Gyrodyne Company of America
- Traded as: Nasdaq: GYRO
- Founded: 1946
- Founder: Peter J. Papadakos
- Key people: Frederick C. Braun III President and CEO

= Gyrodyne Company of America =

American real estate investment trust

Gyrodyne Company of America, Inc. is a real estate investment trust that owns, leases, and manages commercial properties along the Eastern Coast of the United States.

Gyrodyne's headquarters are located in Saint James, New York, in Eastern Long Island. It was founded in 1946, initially as a helicopter design and manufacturing company.

==History==
Gyrodyne Company of America was founded in 1946 by Peter J. Papadakos, using the assets he bought from the bankrupt Bendix Helicopters Company. The company continued Bendix's development of a one-man synchronized co-axial rotor helicopter in Massapequa, New York, before moving to St. James, New York, in 1951. For the next 24 years the company was engaged in the design, testing, development, and production of coaxial helicopters, primarily the Gyrodyne QH-50 DASH drone for the U.S. Navy. In 1975, Gyrodyne began converting its helicopter manufacturing facilities into rental space suitable for light industry. Since then the company has concentrated its efforts on the management and development of real estate.

On November 2, 2005, Stony Brook University seized 245.5 acres under eminent domain from Gyrodyne, initially paying them $26,315,000 for the property. In 2006, Gyrodyne opened a case for just compensation. Finally, in 2010, the Court of Claims ruled in Gyrodyne's favor when it awarded the company $125,000,000 thereby requiring the state to pay an additional $98,685,000 plus interest of nine percent from the date of taking, to the date of payment.

In 2006, Gyrodyne became a publicly traded Real Estate Investment Trust. Around this time, Gyrodyne began focusing on purchasing medical properties. Since then, the company has bought three such facilities: two in New York, and one in Northern Virginia.

==Aircraft==
- Gyrodyne QH-50 DASH
- Gyrodyne RON Rotorcycle
- Gyrodyne GCA-2
- Gyrodyne GCA-3 Convertiplane
- Gyrodyne GCA-35 Gyroliner
- Gyrodyne GCA-24
- Gyrodyne GCA-32 Military Convertiplane
- Gyrodyne GCA-55

==Properties==
Today Gyrodyne owns, manages, and leases four properties: two in eastern Long Island, one in southern New York, and one in Northern Virginia. In addition, the company has a limited partnership investment in a citrus grove called the Callery-Judge Grove, located in Palm Beach County, Florida.

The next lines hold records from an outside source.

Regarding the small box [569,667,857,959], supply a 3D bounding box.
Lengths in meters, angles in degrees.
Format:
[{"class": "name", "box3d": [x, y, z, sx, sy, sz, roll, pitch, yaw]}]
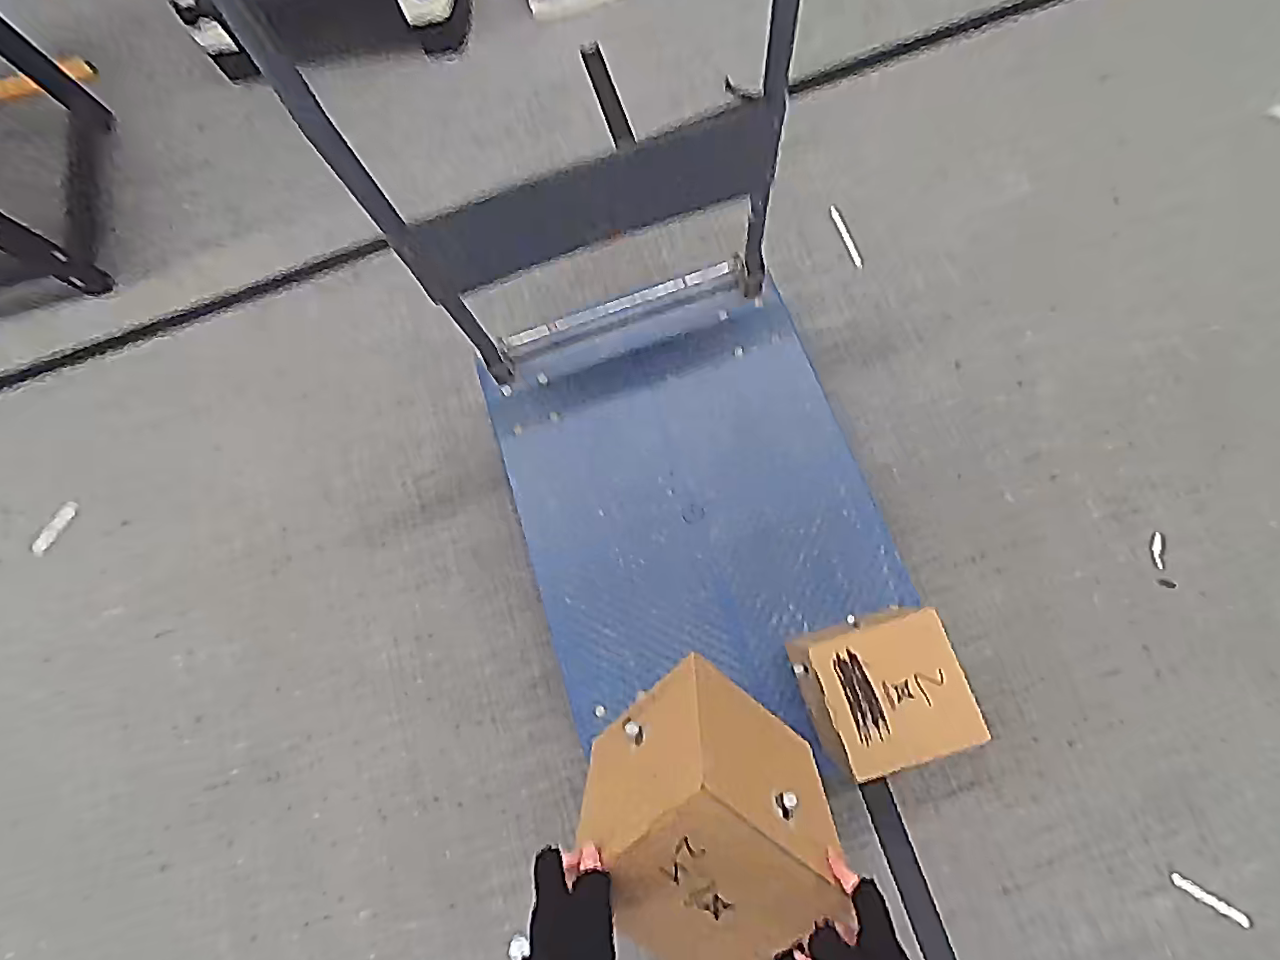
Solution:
[{"class": "small box", "box3d": [0.062, 0.317, 0.512, 0.179, 0.176, 0.168, 40, 106, -10]}]
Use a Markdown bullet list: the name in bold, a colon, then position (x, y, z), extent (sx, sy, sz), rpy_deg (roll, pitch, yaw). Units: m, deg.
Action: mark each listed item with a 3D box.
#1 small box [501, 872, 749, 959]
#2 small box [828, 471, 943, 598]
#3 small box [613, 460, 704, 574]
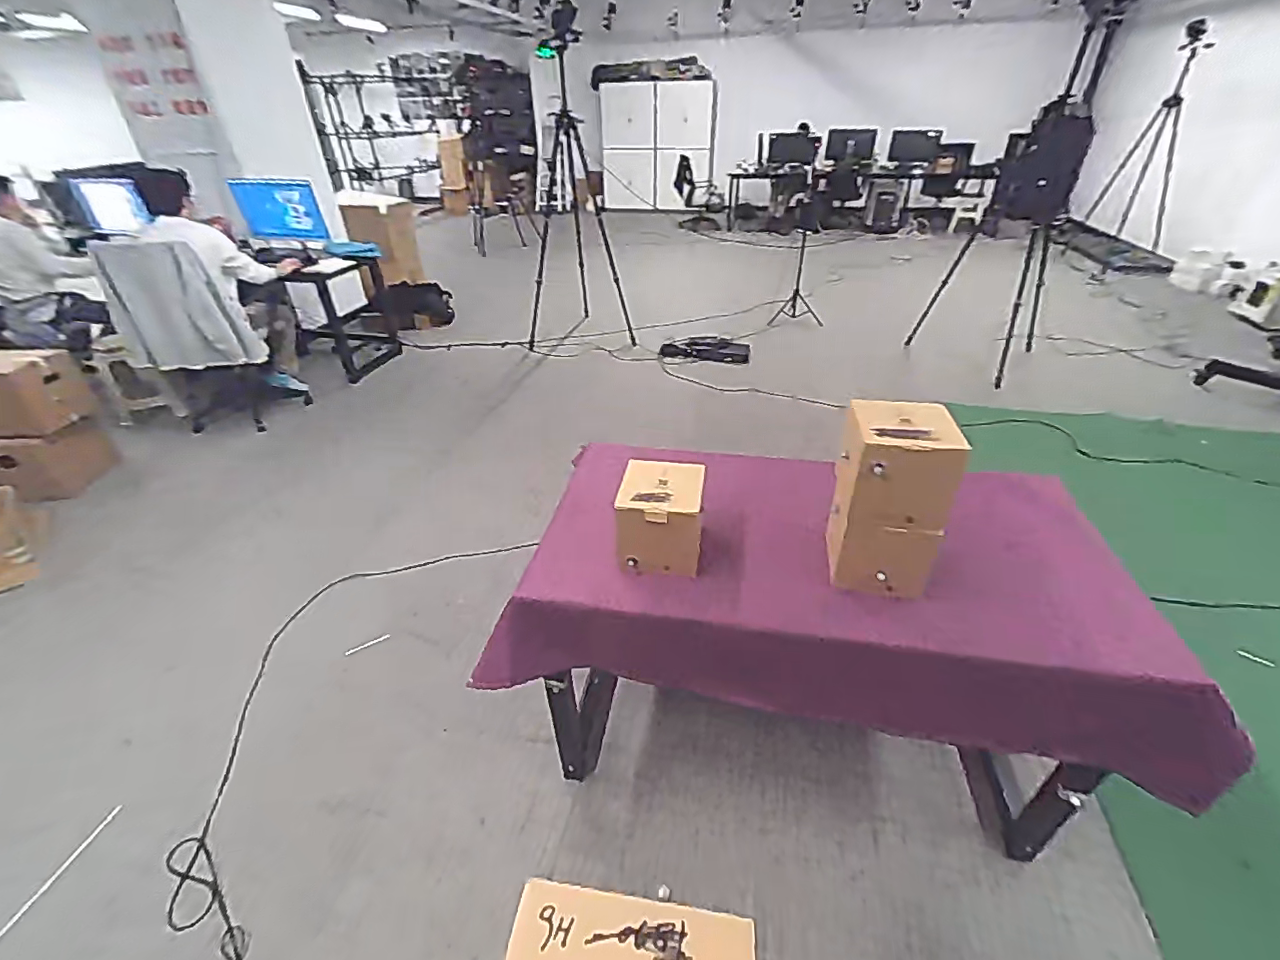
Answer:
- **small box**: position (-0.016, 0.410, 0.376), extent (0.168, 0.176, 0.179), rpy_deg (5, 42, 6)
- **small box**: position (0.473, 0.104, 1.073), extent (0.168, 0.176, 0.179), rpy_deg (6, 35, 12)
- **small box**: position (0.045, 0.077, 1.133), extent (0.168, 0.176, 0.179), rpy_deg (5, 34, 8)
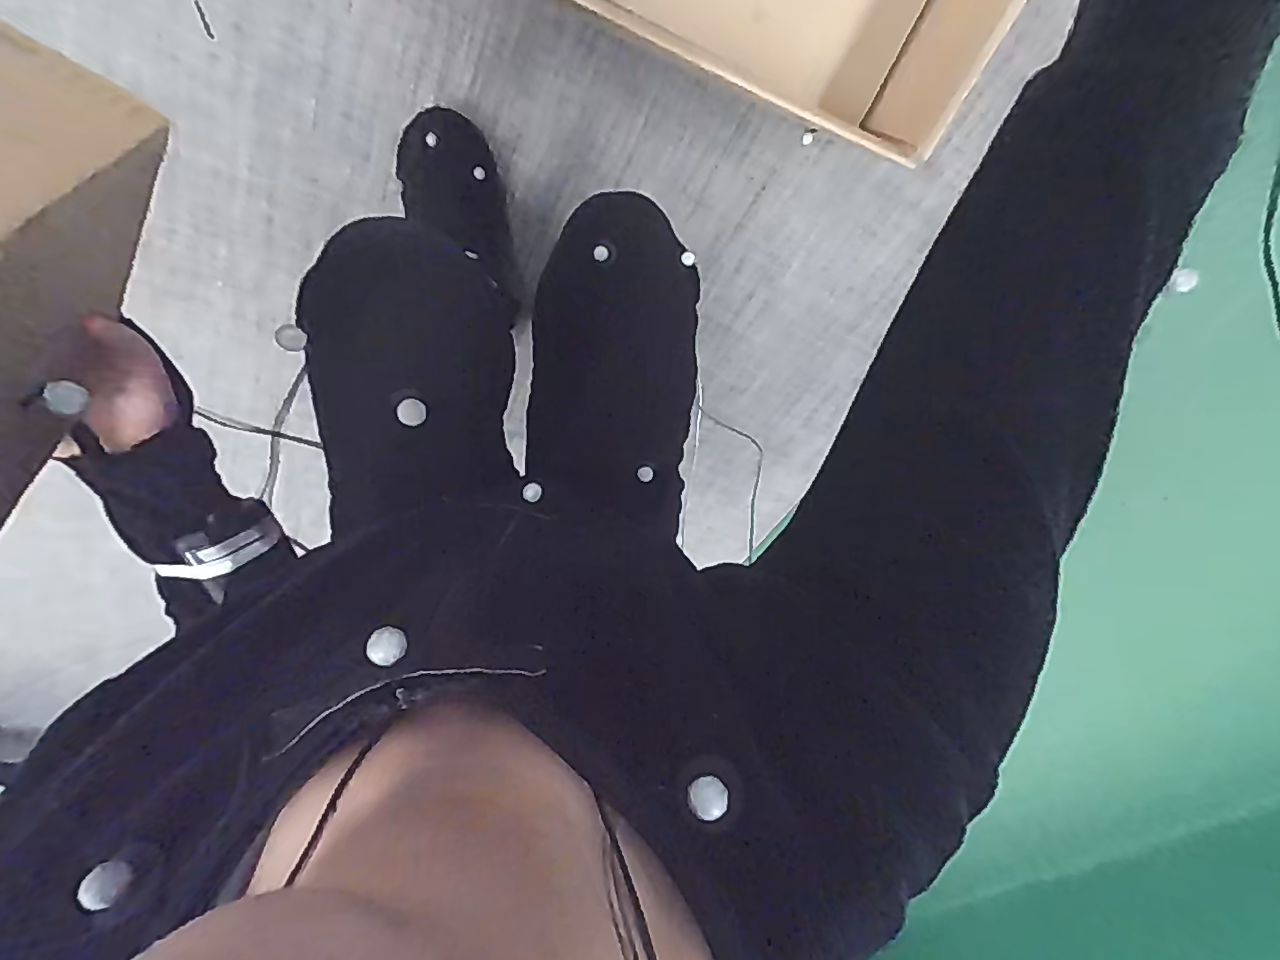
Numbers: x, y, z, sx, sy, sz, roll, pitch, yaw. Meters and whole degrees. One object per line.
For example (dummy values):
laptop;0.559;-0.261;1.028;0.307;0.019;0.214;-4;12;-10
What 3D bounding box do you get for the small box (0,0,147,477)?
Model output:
small box;-0.301;-0.087;0.173;0.168;0.176;0.179;22;120;-39
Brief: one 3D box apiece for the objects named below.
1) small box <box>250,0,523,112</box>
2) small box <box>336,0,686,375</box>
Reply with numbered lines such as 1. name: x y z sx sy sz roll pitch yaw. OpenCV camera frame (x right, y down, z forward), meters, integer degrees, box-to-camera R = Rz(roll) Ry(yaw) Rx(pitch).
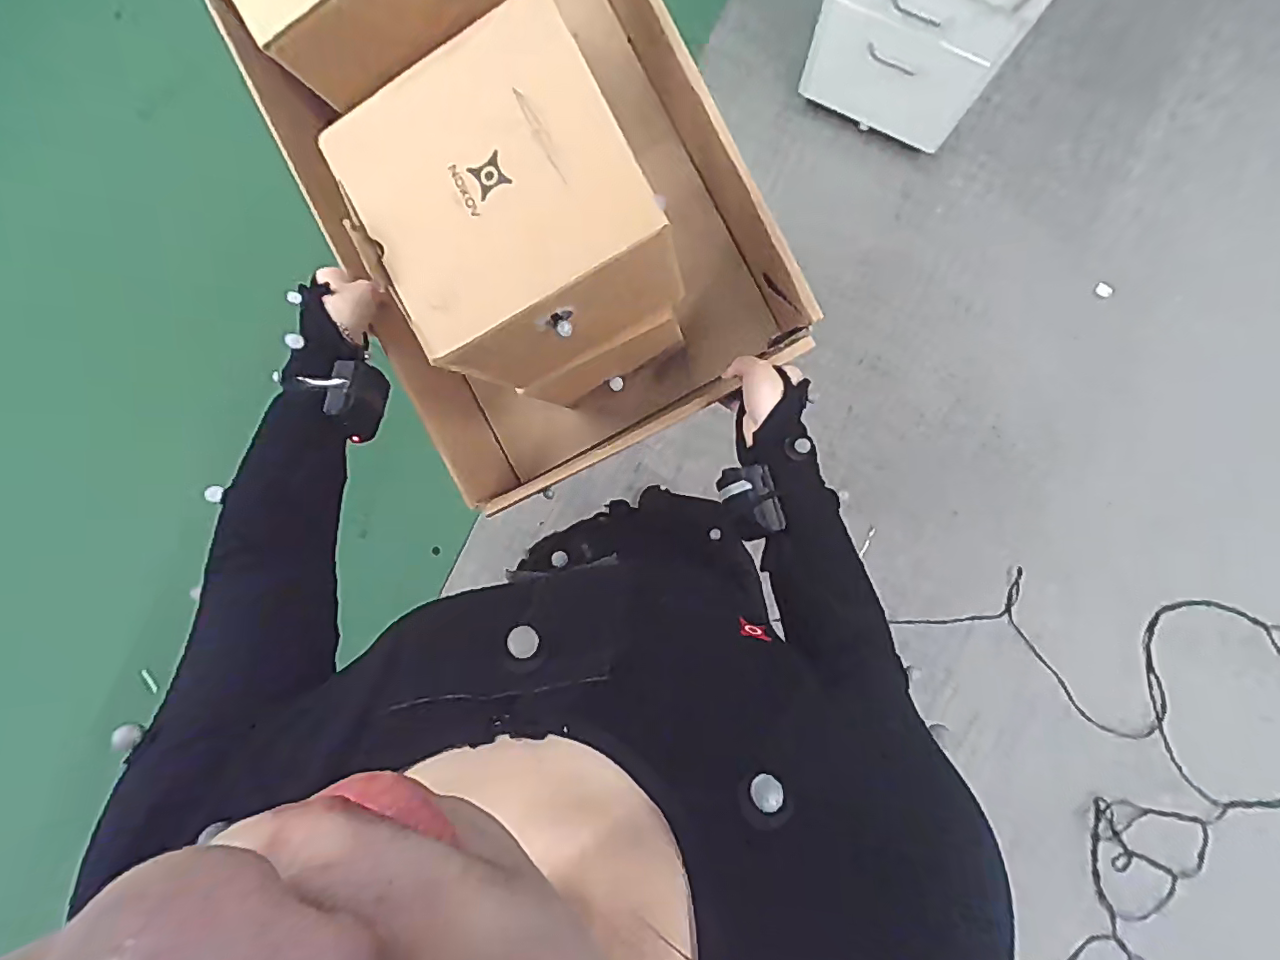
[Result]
1. small box: -0.190 -0.400 0.416 0.179 0.176 0.168 -28 92 8
2. small box: -0.077 -0.195 0.416 0.179 0.176 0.168 -26 91 8
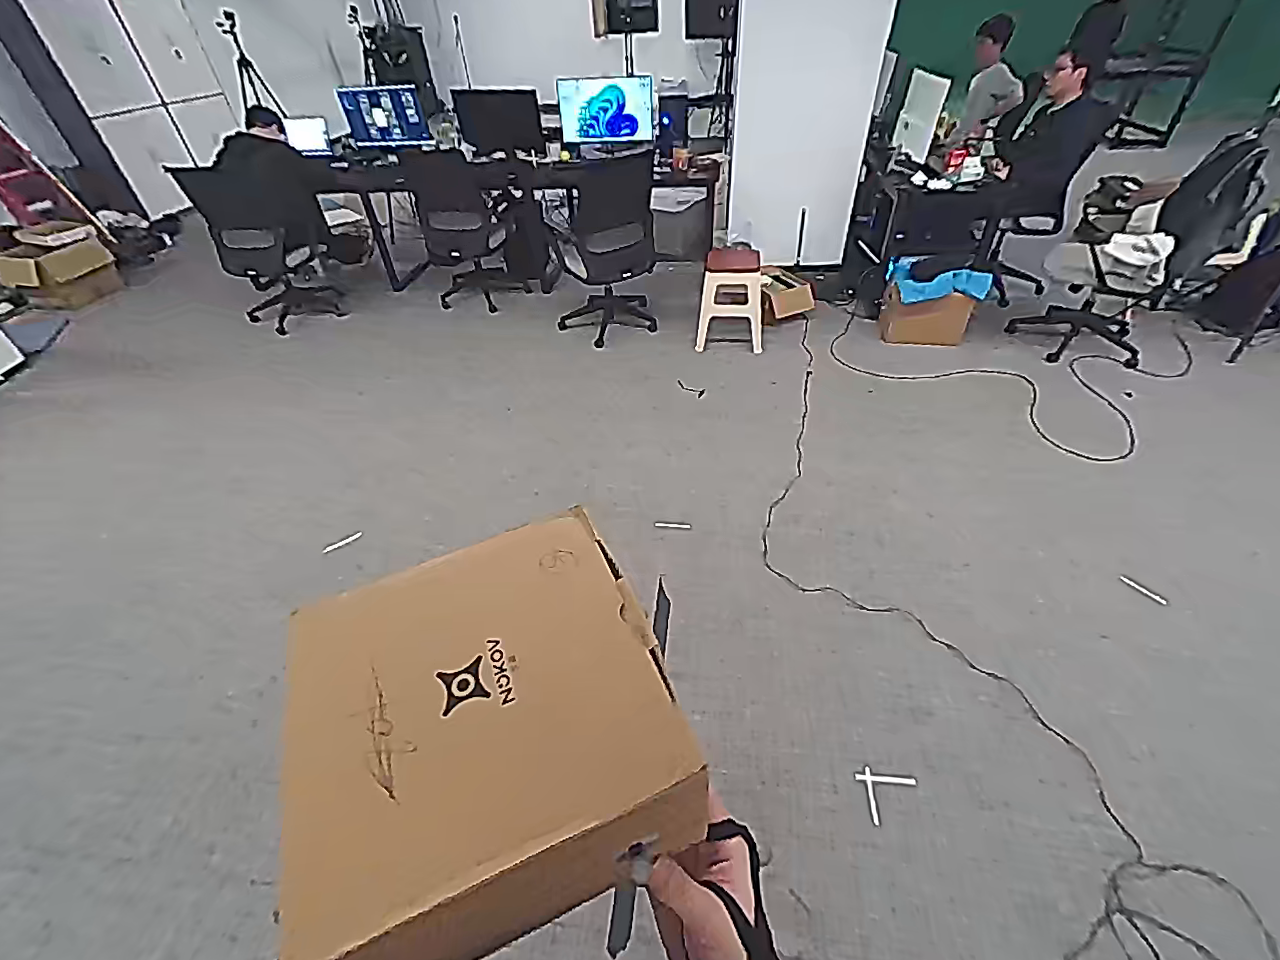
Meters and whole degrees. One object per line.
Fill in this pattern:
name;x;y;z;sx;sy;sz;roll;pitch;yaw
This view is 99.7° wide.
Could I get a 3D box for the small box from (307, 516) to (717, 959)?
small box;-0.069;0.159;0.332;0.179;0.176;0.168;-23;48;-13

Flowerfield is the location of Gyrodyne's headquarters and is the former site of the helicopter manufacturing facility. It is located in Saint James, New York, 50 miles east of New York City. Flowerfield is a 68-acre property with 127,062 square feet of rentable space zoned primarily for light industry. Initially more than 300 acres, most of the Flowerfield property was taken by Stony Brook University under eminent domain in 2005.

In June 2007 the company acquired ten buildings in the Port Jefferson Professional Park in Port Jefferson Station, New York. These buildings are situated on 5.16 acres with 39,329 square feet of rentable space.

Cortlandt Medical Center in Cortlandt Manor, New York, was acquired by the company on June 2, 2008. It contains five office buildings which are situated on 5.01 acres with 31,198 rentable square feet. The company also acquired land around this site, including a 16,000 square foot house located on 1.43 acres, and 2,500 rentable square feet on 1.6 acres.

Fairfax Medical Center was acquired on March 31, 2009. It consists of two office buildings situated on 3.5 acres with 57,621 square feet of rentable space.